The route fills a longstanding gap previously requiring connections through Istanbul, London, or Frankfurt. Advisors building Israel-Japan or Japan-Israel itineraries now have a direct product to load.
Caveat: the current Iran escalation was not anticipated when the route was announced. October 25 is roughly 20 weeks out — Arkia's rebooking flexibility terms should be confirmed before ticketing, and the schedule should be treated as subject to force-majeure revision if the conflict persists.

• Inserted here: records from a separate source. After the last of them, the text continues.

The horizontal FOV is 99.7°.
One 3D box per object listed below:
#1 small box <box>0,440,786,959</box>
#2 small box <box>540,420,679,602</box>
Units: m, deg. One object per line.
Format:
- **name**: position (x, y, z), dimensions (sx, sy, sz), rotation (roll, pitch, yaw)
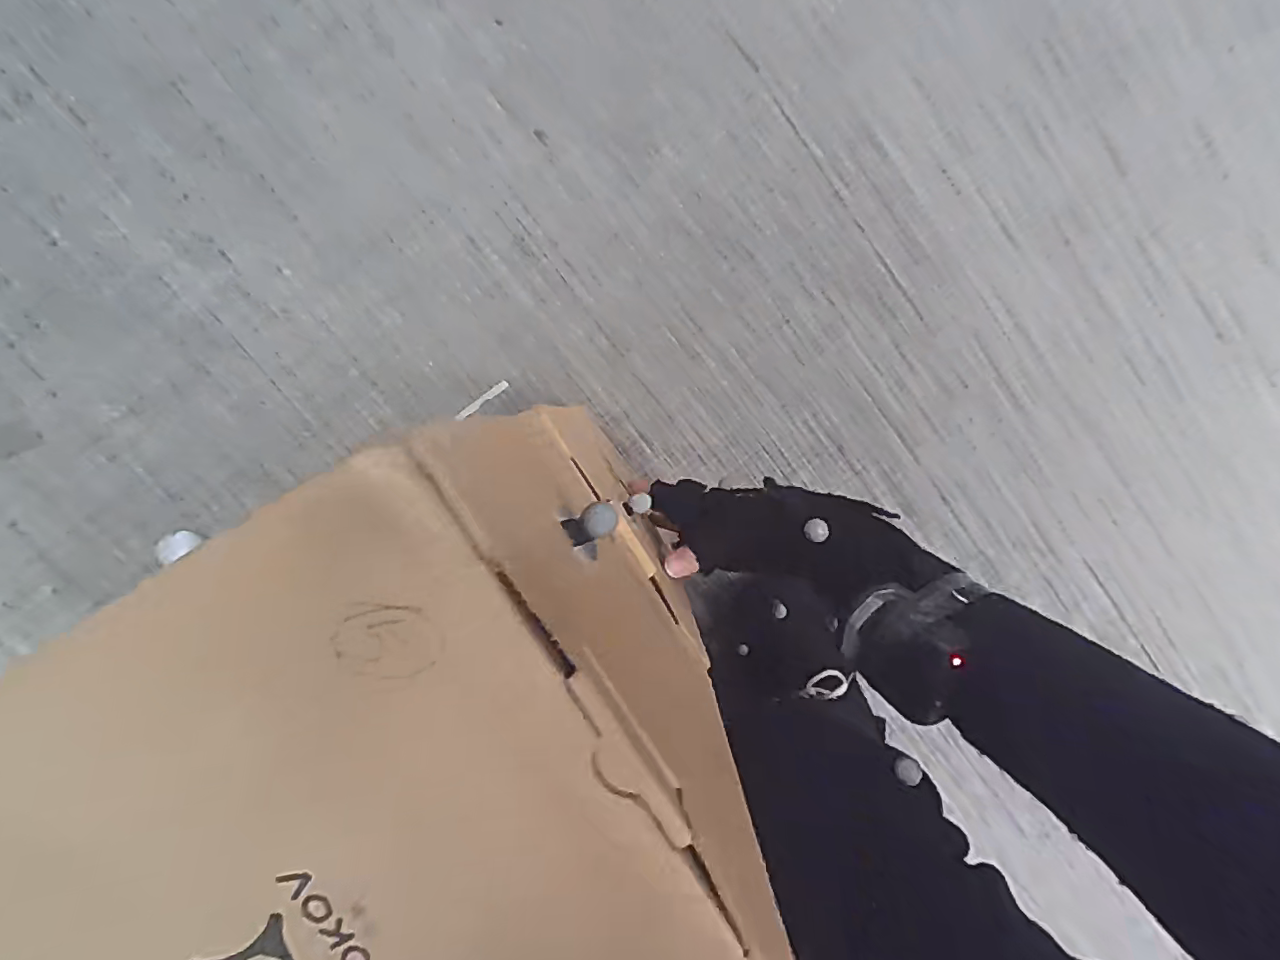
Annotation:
- **small box**: position (-0.076, 0.096, 0.200), dimensions (0.179, 0.176, 0.168), rotation (-32, 96, 4)
- **small box**: position (-0.083, 0.052, 0.524), dimensions (0.179, 0.176, 0.168), rotation (-32, 96, 4)

Slovenia Denies Israir Airspace Mid-Flight — A Political Routing Precedent for All Israeli Carriers
An Israir flight (6H755) was denied landing clearance by Slovenian authorities while already airborne, forcing a diversion to Zagreb, Croatia. Ljubljana explicitly linked the refusal to its recognition of a Palestinian state. Israel's Foreign and Transport Ministries condemned the action as a violation of ICAO international civil aviation norms — post-departure landing denials are exceedingly rare under standard aviation frameworks.
The commercial implication reaches beyond one diverted aircraft. As more European states formally recognise a Palestinian state (Ireland, Norway, Slovenia, and Spain among those that have), politically motivated routing interference on Israeli-operated carriers — Israir, El Al, Arkia — becomes a structural risk. Advisors routing Israeli-metal to or through these markets should flag the exposure and monitor for copycat actions.
This risk is wholly independent of the current Iran conflict. It represents a longer-term, slow-building threat to Israeli carrier network reliability in European airspace.